Much has been made of the trillion dollar wealth transfer expected to take place over the coming 20 years, as the accumulated assets of the massive boomer generation is handed down to their children. But the expectations of those heirs may be quite inflated, according to a survey by Investors Group.

While just over half (53%) of Canadians expect an inheritance, 57% of those expectant heirs think the value of that bequest will exceed $100,000. By comparison, those who have already received an inheritance (and are willing to hint at its size—47% said it was none of the survey’s business) say the amount was, on average, $57,000.

Only 18% said it exceeded $100,000, while 26% said it was less than $5,000.

“A lot of people are making guesstimates about what their parents’ real property is worth or what retirement assets they have,” says Christine Van Cauwenberghe, director, tax and estate planning at Investors Group. “For the most part it’s just an educated guess. Most parents are loathe to discuss specifics.”
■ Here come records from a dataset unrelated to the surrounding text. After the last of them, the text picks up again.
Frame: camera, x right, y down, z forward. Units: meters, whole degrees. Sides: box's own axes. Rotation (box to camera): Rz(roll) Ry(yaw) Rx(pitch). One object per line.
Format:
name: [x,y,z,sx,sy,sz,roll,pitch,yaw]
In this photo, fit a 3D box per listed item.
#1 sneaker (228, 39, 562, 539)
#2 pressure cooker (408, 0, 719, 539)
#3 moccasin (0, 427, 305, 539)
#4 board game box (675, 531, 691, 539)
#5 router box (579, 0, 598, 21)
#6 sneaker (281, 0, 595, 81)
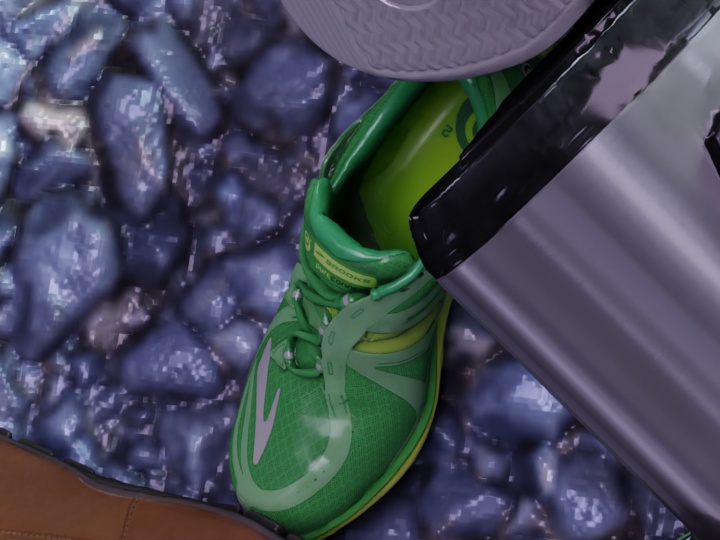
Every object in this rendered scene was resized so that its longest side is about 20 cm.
sneaker: [0.000,0.000,1.010,0.074,0.083,0.201,36,108,30]
pressure cooker: [0.137,-0.006,0.871,0.200,0.179,0.176,45,121,-3]
moccasin: [-0.075,0.113,1.026,0.200,0.074,0.078,19,64,22]
board game box: [0.203,0.114,0.947,0.199,0.040,0.154,-32,72,13]
router box: [0.077,-0.128,0.977,0.199,0.149,0.051,-12,76,18]
sneaker: [0.064,-0.134,0.876,0.074,0.118,0.200,45,131,-17]

She doesn’t recommend that parents even discuss their financial assets in too much detail, saying that it’s a better idea to talk about the wealth transfer in general terms. Certain assets—a business or a cottage—are difficult to set a value on, but planning measures can be taken to minimize the tax implications of that inheritance.

“In very rare cases would a parent tell a child how much they have in the bank, and quite frankly, they don’t even know if that’s going to be there on the date of death,” she points out.

“People are living longer and expect more from their retirement; they expect to spend more,” she says. “They may have a fair bit of money now, but it’s impossible to know how much they’ll have at time of death.”

Complicating matters is the proliferation of “non-traditional” family structures, meaning an estate could be divided up between past and present spouses, as well as the children from various relationships.

Then again, parents may opt to leave a significant amount of their estate to charity.

Perhaps proving that wisdom comes with age, the expectation of an inheritance declines with the age of the survey respondent. Eighty percent of Gen Y (age 18 to 29) expect an inheritance, versus 62% of Gen X (30 to 44 years) and 48% of boomers (45 to 64).

“I think people become more realistic as they get older, about what may or may not be coming,” she says. “Younger Canadians in particular don’t understand how much it costs to live through retirement, or what kind of tax ramifications there might be on an estate.”

Junior might know that his parents have $500,000 in their RRSP, but by the time they get their hands on that inheritance, it may only be $300,000.

For advisors, she recommends that potential inheritances be treated as a windfall, and not be factored into the overall financial plan. Neither the amount, nor the timing of its receipt can be accurately predicted.

“In many cases, the second parent doesn’t die until they’re in their 90s,” she says. “Do you really want to live your life waiting for your second parent to die? You need to take control of your own finances, and do your own retirement planning.

“It is a gift. It is not a guarantee.”